Brass is an alloy of copper and zinc. It corrodes slowly in saline. We try brass sheet as electrodes and see full amplitude, no decary, with some drift.
Our M-Wire is a 125-μm silver electrode with silicone insulation. We try cutting the tip of an M-Wire to leave only the cross-section of the silver wire as our electrode. We try 1-mm and 2-mm lengths of bare wire as well. These are the silver electrodes we might recommend for recording CSDs. The 1-mm electrode introduces a +10 mV offset. They provide the same response as coiled silver wire, with the exception of the bare cut end, which shows a decay time constant of ten or twenty seconds, followed by detecting only 25% of our applied amplitude.
We coat coiled silver wire with silver chloride. The silver chloride electrodes show full amplitude, no attenuition, no drift, and shared offset of −4 mV. One of them, however, is noisy, which suggests that imperfections in the coating can generate noise.

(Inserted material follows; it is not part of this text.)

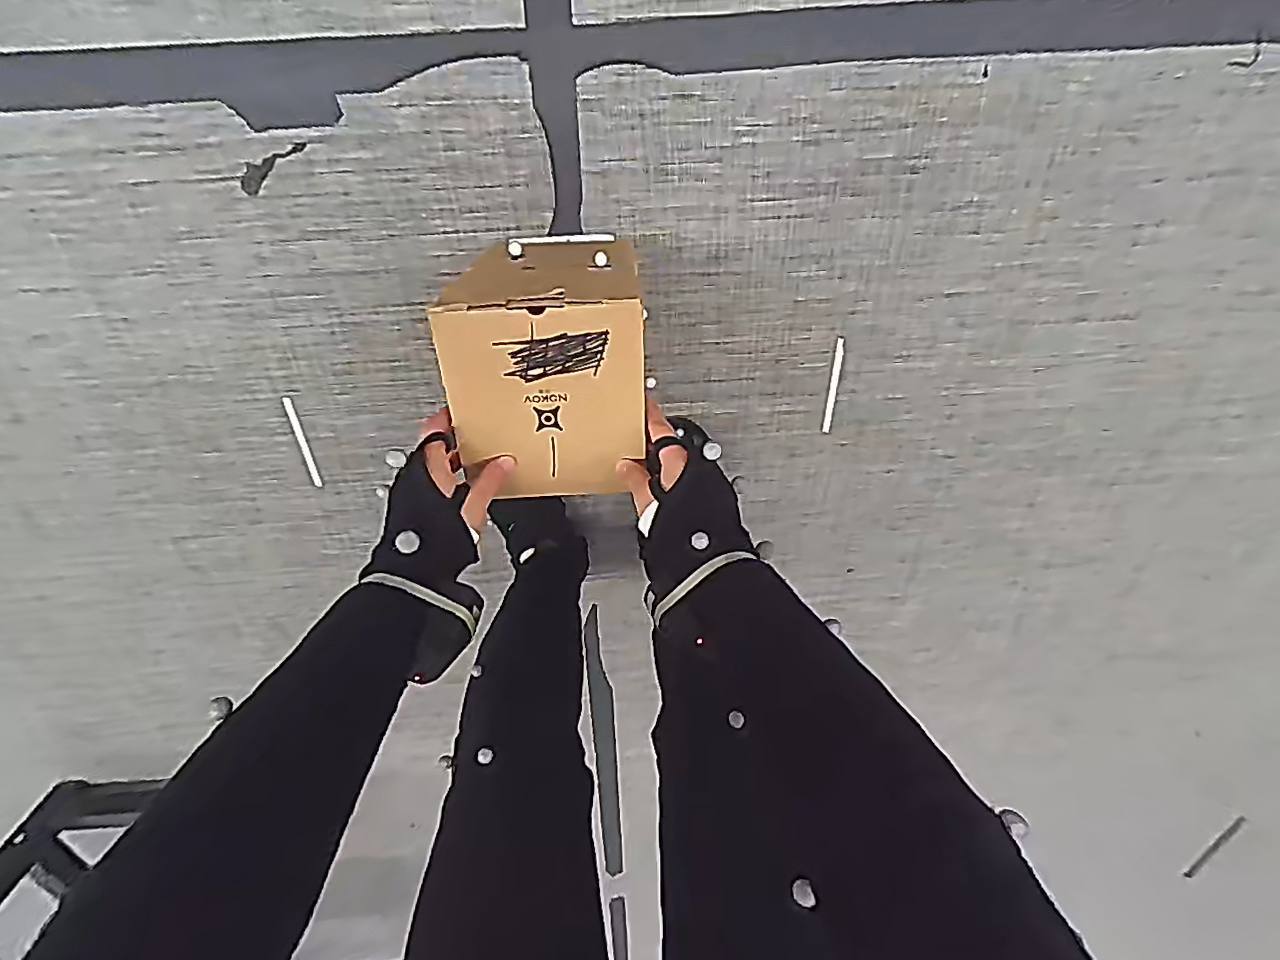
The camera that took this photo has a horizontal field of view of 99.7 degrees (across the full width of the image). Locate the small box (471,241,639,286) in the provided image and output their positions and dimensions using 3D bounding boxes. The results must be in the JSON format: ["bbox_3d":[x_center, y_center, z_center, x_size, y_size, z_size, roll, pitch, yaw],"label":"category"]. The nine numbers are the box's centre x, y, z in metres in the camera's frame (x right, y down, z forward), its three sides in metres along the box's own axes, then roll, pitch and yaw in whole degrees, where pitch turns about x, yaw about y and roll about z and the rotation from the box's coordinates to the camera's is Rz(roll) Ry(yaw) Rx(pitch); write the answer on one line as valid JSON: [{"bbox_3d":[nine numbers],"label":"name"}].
[{"bbox_3d":[-0.091,-0.193,0.665,0.179,0.176,0.168,-2,122,-3],"label":"small box"}]

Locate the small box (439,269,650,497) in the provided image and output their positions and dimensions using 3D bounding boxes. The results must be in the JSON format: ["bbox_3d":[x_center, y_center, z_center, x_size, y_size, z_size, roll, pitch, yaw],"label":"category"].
[{"bbox_3d":[-0.079,-0.103,0.528,0.168,0.176,0.179,-2,122,-3],"label":"small box"}]

[22-JUL-24] We take three M-Wires, remove 1 mm of silicone from the end of the insulation, and coat with silver chloride. We compare the signals they measure from saline to our control signal.
[25-JUL-24] Repeat the AgCl M-Wire experiment to see if we get the same result. This time we see one offset of 5 mV, but the same full-amplitude, sustained response to the square wave.

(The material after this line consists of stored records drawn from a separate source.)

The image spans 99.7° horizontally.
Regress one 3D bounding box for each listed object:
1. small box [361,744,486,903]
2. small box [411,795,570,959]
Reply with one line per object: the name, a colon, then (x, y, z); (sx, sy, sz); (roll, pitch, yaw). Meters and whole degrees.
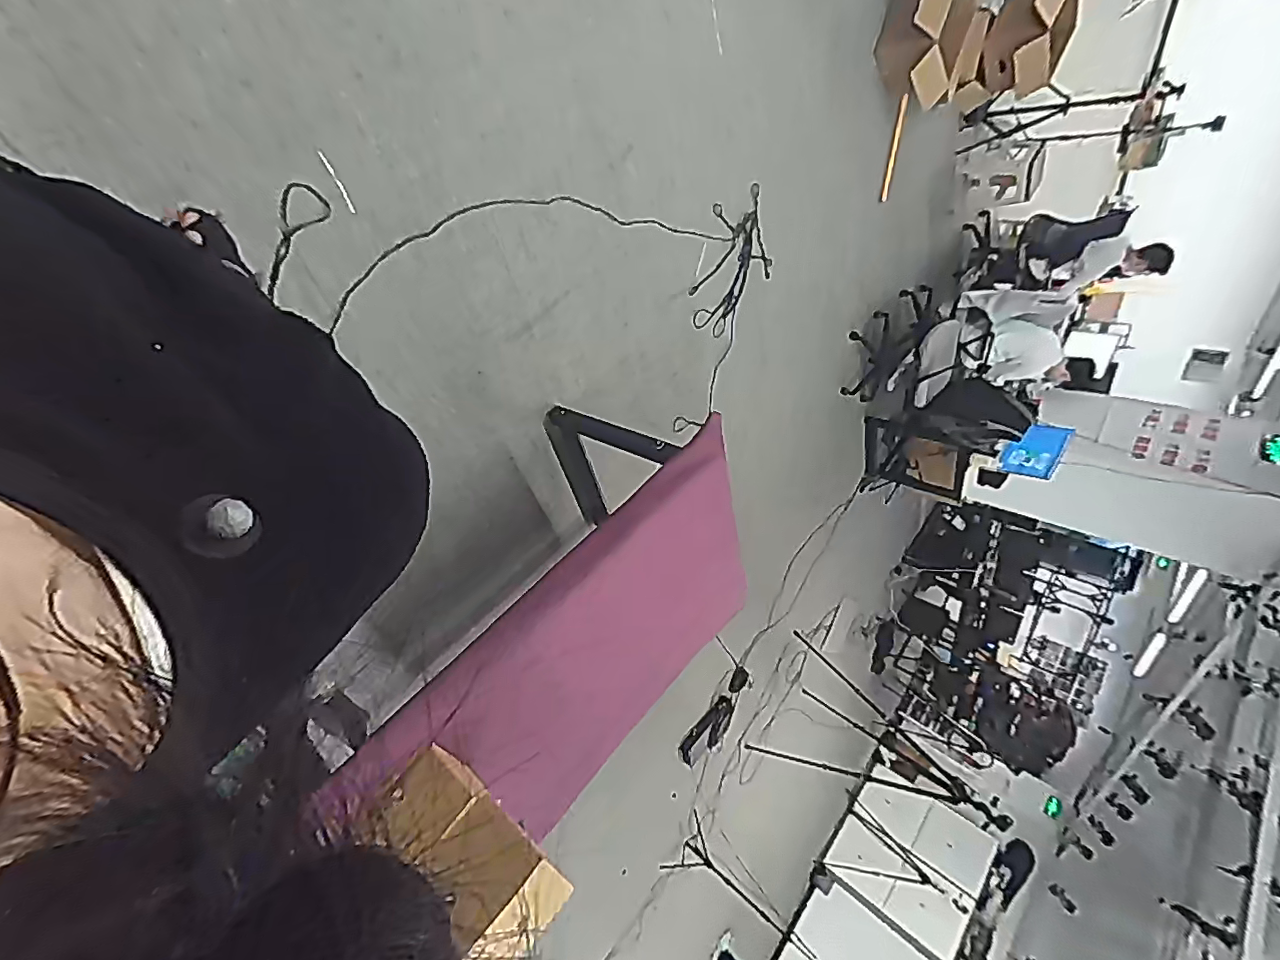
small box: (-0.380, 0.634, 0.997); (0.179, 0.176, 0.168); (-46, 136, -25)
small box: (-0.253, 0.681, 0.904); (0.179, 0.176, 0.168); (-42, 134, -30)

[07-OCT-24] We have 30 new R-Electrodes made with white plastic cannula. The guide tube is 26 Gauge. We are able to screw a dummy cap on all of them, but some allow only one turn of the cap because the wire is only 2 mm from the top of the cannula. We add a dimension to the R-Electrode drawing: the wire should be 3±0.5 mm from the top of the cannula thread.
[02-JAN-25] We are working on an improved J-Electrode with Baoluen Chang. According to Baoluen, the original J-Electrode suffered from weak solder joints. We inspect four old J-Electrodes we have on the shelf and one of the four joints is indeed faulty: only a dry joint. Our second iteration of the J-Electrode provided bare wire above the socket and according to Baoluen, the joints were strong. We put this down to improved quality control, practice making these joints, but also the fact that when we can strip the entire top of the wire, we can make a better joint. But the second iteration, shown here and drawn here does not provide enough space under the pedestal for the surgeon to see the socket. We propose an improved design that will look like Electrode_J.jpg and be built to the new Electrode_J.gif drawing.
[13-JAN-25] We hear from Dr. Robert Wykes that he found the Q-Ferrule with X-Electrode crimping to be straightforward, but he cut back the bare wire on the X-Electrode from 2 mm to 1 mm so that the entire bare wire would fit in the crimp coil. We update our X and Y-Electrode drawings to make the bare wire 1 mm.